Glycosaminoglycans of the glomerular basement membrane in normal and nephrotic states

Yashpal S. Kanwar^*, Lionel J. Rosenzweig, Dontscho I. Kerjaschki

^*Corresponding author for this work

Pathology

Research output: Contribution to journal › Article › peer-review

31 Scopus citations

Abstract

Alterations in the permeability of the glomerular basement membrane (GBM) towards native ferritin (NF) and iodinated albumin (¹²⁵I-BSA) following removal of the major glycosaminoglycans (GAGs) of the GBM, heparan sulfate (HS) and hyaluronic acid (HA), were assessed utilizing the techniques of routine electron microscopy and autoradiography, respectively.
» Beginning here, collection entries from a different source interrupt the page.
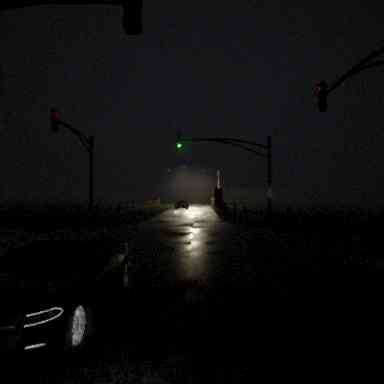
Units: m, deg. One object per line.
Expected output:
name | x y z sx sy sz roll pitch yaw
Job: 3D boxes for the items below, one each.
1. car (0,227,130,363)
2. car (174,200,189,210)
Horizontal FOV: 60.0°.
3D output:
car | -2.526 1.529 6.458 1.882 1.535 5.008 0 0 1
car | -1.479 1.901 48.655 1.812 1.442 4.674 0 0 2
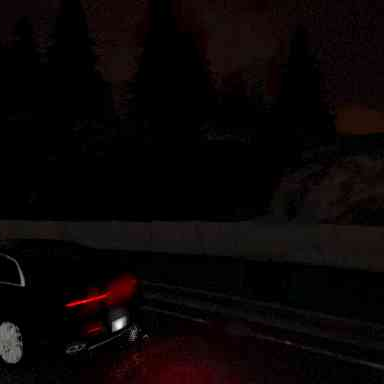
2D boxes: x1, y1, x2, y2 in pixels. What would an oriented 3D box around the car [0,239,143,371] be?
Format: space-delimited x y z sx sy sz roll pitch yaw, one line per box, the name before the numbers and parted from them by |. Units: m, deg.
car | -3.135 1.578 5.720 4.892 1.490 1.837 0 -1 28
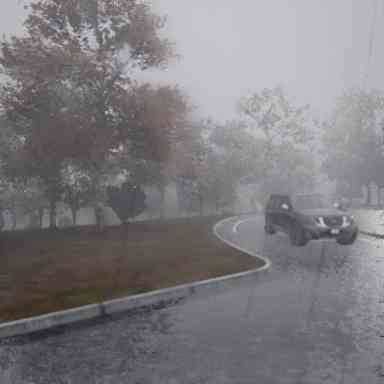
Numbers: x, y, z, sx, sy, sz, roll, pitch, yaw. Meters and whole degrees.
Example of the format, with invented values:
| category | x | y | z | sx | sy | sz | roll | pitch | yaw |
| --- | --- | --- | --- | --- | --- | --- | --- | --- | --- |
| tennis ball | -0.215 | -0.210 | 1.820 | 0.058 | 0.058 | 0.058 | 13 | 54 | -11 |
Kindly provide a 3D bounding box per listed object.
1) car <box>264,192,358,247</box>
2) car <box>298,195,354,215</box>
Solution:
| category | x | y | z | sx | sy | sz | roll | pitch | yaw |
| --- | --- | --- | --- | --- | --- | --- | --- | --- | --- |
| car | 4.833 | 1.050 | 14.545 | 2.150 | 2.045 | 5.566 | -1 | 0 | -5 |
| car | 11.908 | 1.106 | 29.493 | 4.902 | 1.511 | 2.128 | -2 | 1 | -33 |
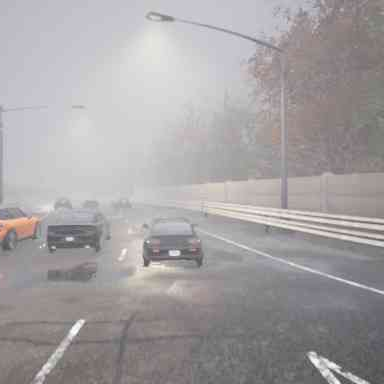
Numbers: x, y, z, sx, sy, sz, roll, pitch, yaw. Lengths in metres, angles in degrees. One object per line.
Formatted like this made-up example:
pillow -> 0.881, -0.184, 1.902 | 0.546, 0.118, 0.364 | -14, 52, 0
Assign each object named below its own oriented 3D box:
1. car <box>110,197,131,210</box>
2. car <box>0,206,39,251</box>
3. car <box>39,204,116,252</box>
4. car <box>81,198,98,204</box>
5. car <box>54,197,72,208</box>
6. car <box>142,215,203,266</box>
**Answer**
car -> -9.540, 1.386, 44.345 | 2.097, 1.767, 4.553 | 0, 0, -23
car -> -8.160, 1.382, 14.301 | 2.097, 1.767, 4.553 | 0, 0, -8
car -> -4.585, 1.494, 14.100 | 1.882, 1.535, 5.008 | 0, 0, -7
car -> -14.360, 1.530, 46.591 | 1.882, 1.535, 5.008 | 0, 0, -25
car -> -17.530, 1.416, 45.062 | 2.097, 1.767, 4.553 | 0, 0, -25
car -> -0.731, 1.528, 11.499 | 1.812, 1.442, 4.674 | 0, 0, -6
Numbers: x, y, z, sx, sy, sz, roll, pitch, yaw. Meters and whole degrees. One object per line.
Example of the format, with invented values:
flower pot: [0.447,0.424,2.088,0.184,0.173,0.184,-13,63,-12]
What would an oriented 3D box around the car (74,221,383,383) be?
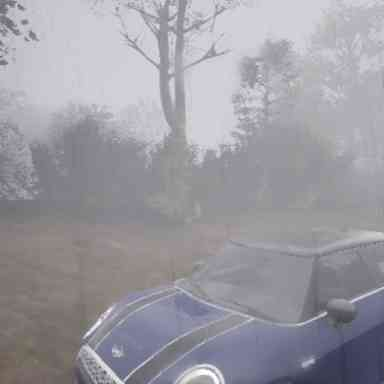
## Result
car: [1.043,1.315,3.907,4.553,1.767,2.097,-1,1,-37]
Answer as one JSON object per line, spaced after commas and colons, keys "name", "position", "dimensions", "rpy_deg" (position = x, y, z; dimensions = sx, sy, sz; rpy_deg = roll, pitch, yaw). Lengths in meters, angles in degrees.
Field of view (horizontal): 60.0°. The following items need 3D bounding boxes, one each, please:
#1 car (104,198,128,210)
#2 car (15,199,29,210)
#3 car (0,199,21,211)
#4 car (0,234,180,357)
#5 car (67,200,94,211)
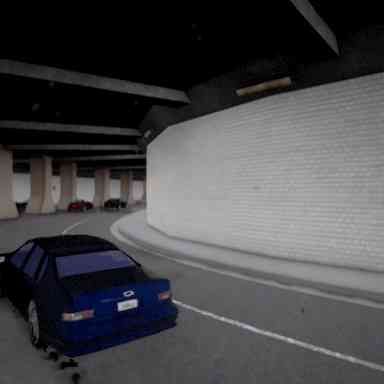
{"name": "car", "position": [-9.855, 1.520, 43.375], "dimensions": [1.882, 1.535, 5.008], "rpy_deg": [0, 0, 6]}
{"name": "car", "position": [-20.687, 1.596, 43.103], "dimensions": [2.033, 1.411, 5.357], "rpy_deg": [0, 0, 5]}
{"name": "car", "position": [-24.236, 1.650, 42.570], "dimensions": [1.895, 1.301, 4.718], "rpy_deg": [0, 0, 5]}
{"name": "car", "position": [-2.411, 1.554, 6.390], "dimensions": [2.033, 1.411, 5.357], "rpy_deg": [0, 0, -38]}
{"name": "car", "position": [-13.569, 1.606, 40.822], "dimensions": [1.994, 1.385, 4.181], "rpy_deg": [0, 0, 4]}
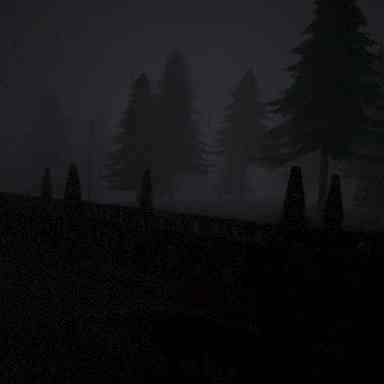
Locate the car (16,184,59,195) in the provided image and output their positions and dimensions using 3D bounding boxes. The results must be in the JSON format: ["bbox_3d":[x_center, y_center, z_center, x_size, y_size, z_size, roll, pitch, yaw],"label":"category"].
[{"bbox_3d":[-19.962,-0.287,43.227,1.895,1.301,4.718,4,2,37],"label":"car"}]

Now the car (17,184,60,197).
[{"bbox_3d":[-18.231,-0.210,39.726,2.128,1.511,4.902,4,2,37],"label":"car"}]
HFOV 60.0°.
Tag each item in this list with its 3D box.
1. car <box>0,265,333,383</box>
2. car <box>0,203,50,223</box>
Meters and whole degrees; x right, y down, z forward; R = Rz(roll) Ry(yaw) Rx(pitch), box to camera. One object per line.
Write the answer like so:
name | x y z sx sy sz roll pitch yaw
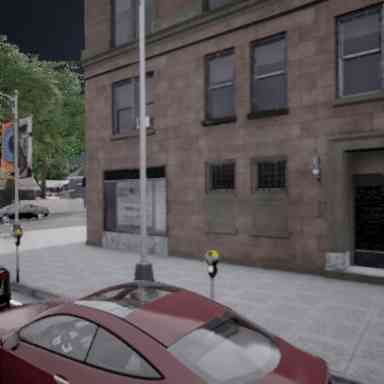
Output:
car | -0.756 1.610 3.349 4.206 1.307 1.802 -1 0 36
car | -14.389 1.712 27.700 2.128 1.511 4.902 -1 0 34
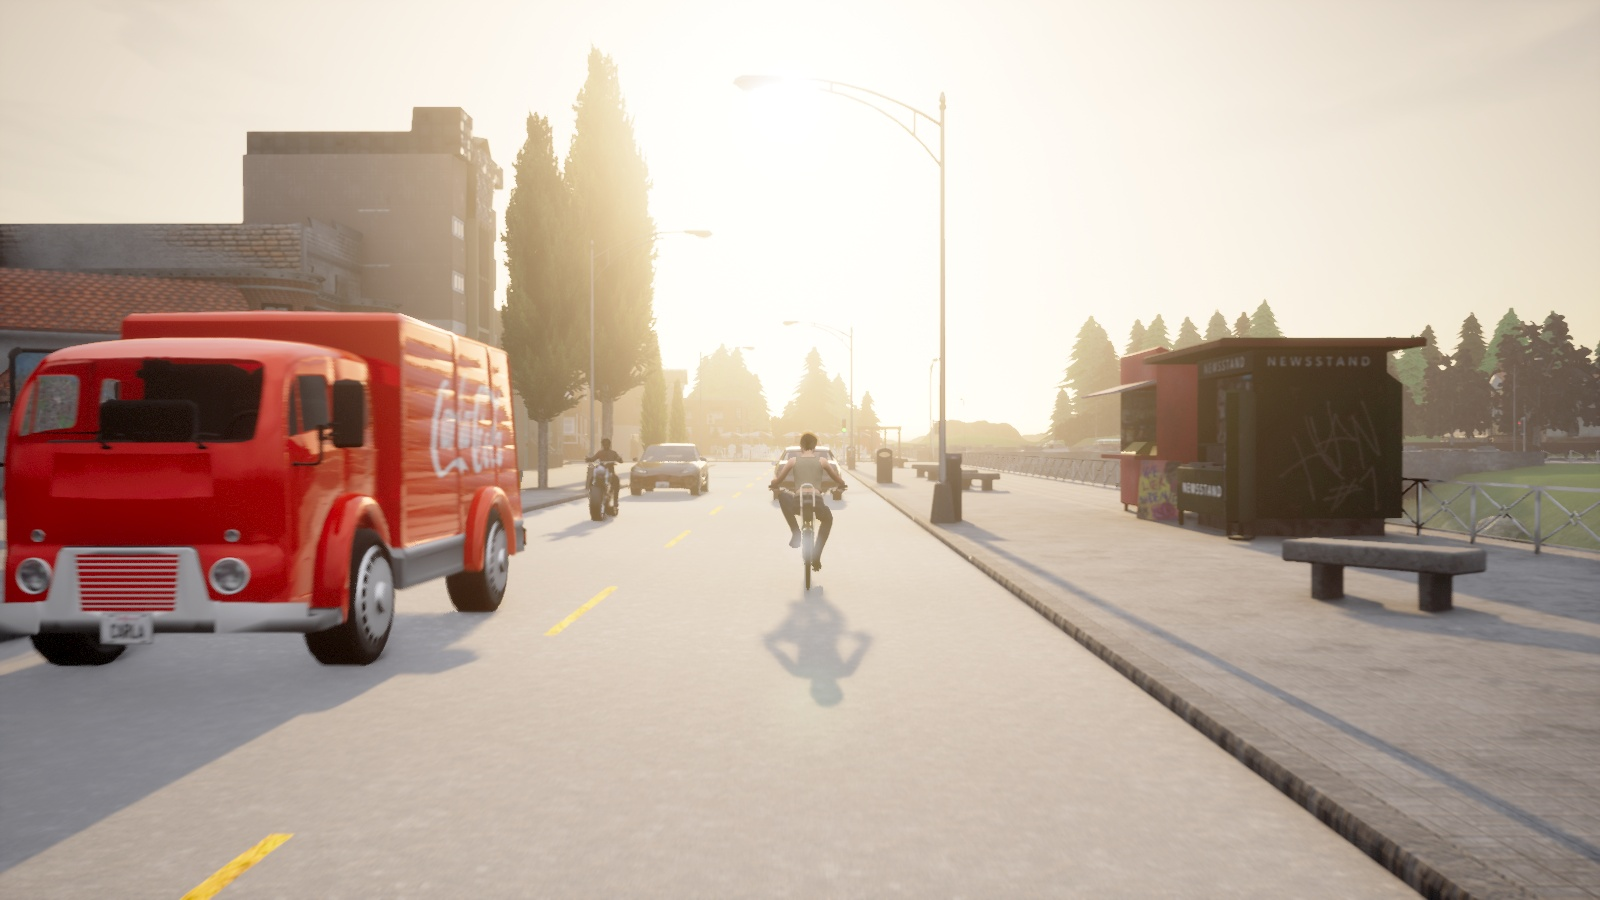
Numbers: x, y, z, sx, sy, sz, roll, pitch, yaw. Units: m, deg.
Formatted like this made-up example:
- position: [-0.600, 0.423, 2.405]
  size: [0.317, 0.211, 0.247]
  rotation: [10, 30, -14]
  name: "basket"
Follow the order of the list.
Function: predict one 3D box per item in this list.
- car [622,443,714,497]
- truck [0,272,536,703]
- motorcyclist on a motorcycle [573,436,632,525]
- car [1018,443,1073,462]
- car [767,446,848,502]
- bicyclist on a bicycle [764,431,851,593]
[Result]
- position: [-3.782, 0.535, 36.835]
  size: [2.163, 1.488, 4.792]
  rotation: [0, 0, 0]
  name: "car"
- position: [-3.929, 0.201, 9.790]
  size: [2.627, 2.467, 5.204]
  rotation: [0, 0, 0]
  name: "truck"
- position: [-3.848, 0.555, 24.602]
  size: [0.766, 1.649, 2.350]
  rotation: [0, 0, 0]
  name: "motorcyclist on a motorcycle"
- position: [18.600, 0.189, 95.375]
  size: [3.806, 1.475, 1.970]
  rotation: [0, 0, 0]
  name: "car"
- position: [0.205, 0.600, 34.322]
  size: [2.033, 1.411, 5.357]
  rotation: [0, 0, 0]
  name: "car"
- position: [0.084, 0.608, 13.256]
  size: [0.866, 1.612, 1.509]
  rotation: [0, 0, 1]
  name: "bicyclist on a bicycle"
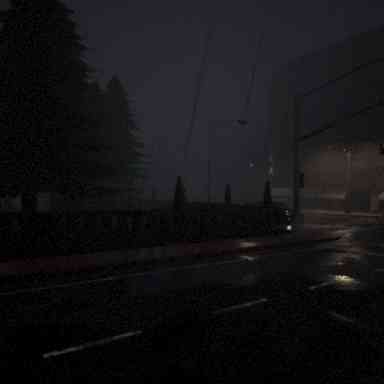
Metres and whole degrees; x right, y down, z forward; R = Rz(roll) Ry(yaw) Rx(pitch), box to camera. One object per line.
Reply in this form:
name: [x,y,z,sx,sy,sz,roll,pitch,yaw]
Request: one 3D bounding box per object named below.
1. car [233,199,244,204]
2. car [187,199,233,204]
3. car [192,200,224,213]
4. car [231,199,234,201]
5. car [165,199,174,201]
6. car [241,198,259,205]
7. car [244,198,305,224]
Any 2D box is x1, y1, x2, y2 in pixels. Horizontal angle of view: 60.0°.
car: [6.668,1.722,32.941,1.882,1.535,5.008,1,0,-32]
car: [1.609,1.752,34.464,2.033,1.411,5.357,1,0,-30]
car: [1.923,1.806,41.683,2.033,1.411,5.357,1,0,-21]
car: [8.610,2.057,67.467,2.033,1.411,5.357,0,0,20]
car: [-3.130,1.773,47.171,1.812,1.442,4.674,1,0,-12]
car: [13.396,2.146,76.583,1.812,1.442,4.674,0,-1,40]
car: [6.710,1.551,26.486,2.097,1.767,4.553,1,0,-33]

Kidneys were incubated with heparinase (to degrade the GAGs of the GBM) and subsequently perfused with either NF or ¹²⁵I-BSA. Control kidneys, which were not treated with heparinase, showed a low permeability to both tracers, with NF being confined to the lamina rara interna and ¹²⁵I-BSA exhibiting a low level of passage into the urinary spaces (as indicated by a low density of autoradiographic grains over the urinary spaces). After heparinase treatment there was an increase in the permeability of the GBM such that both NF and l25I-BSA passed through the GBM in larger quantities and entered the urinary spaces. Perfusion of cationized ferritin (CF) into control kidneys revealed this probe to bind to the HS-rich anionic sites present within the GBM. Treatment with heparinase resulted in an abolition of the CF binding thereby indicating that the sites are composed mainly of HS and that HS plays a key role in establishing the permeability properties of the GBM. The changes in the pattern of distribution and density of the anionic sites of the GBM following induction of nephrosis was also studied. Animals were rendered nephrotic by subcutaneous injections of an aminonucleoside of puromycin and their kidneys subsequently perfused with either CF or cationized cytochrome c1. No difference in either the pattern of distribution or density of the anionic sites in the GBM of nephrotic kidneys was observed when compared to nonnephrotic controls; thus indicating that the proteinuria associated with aminonucleoside nephrosis might be due to changes in components of the glomerular capillary wall other than the anionic sites.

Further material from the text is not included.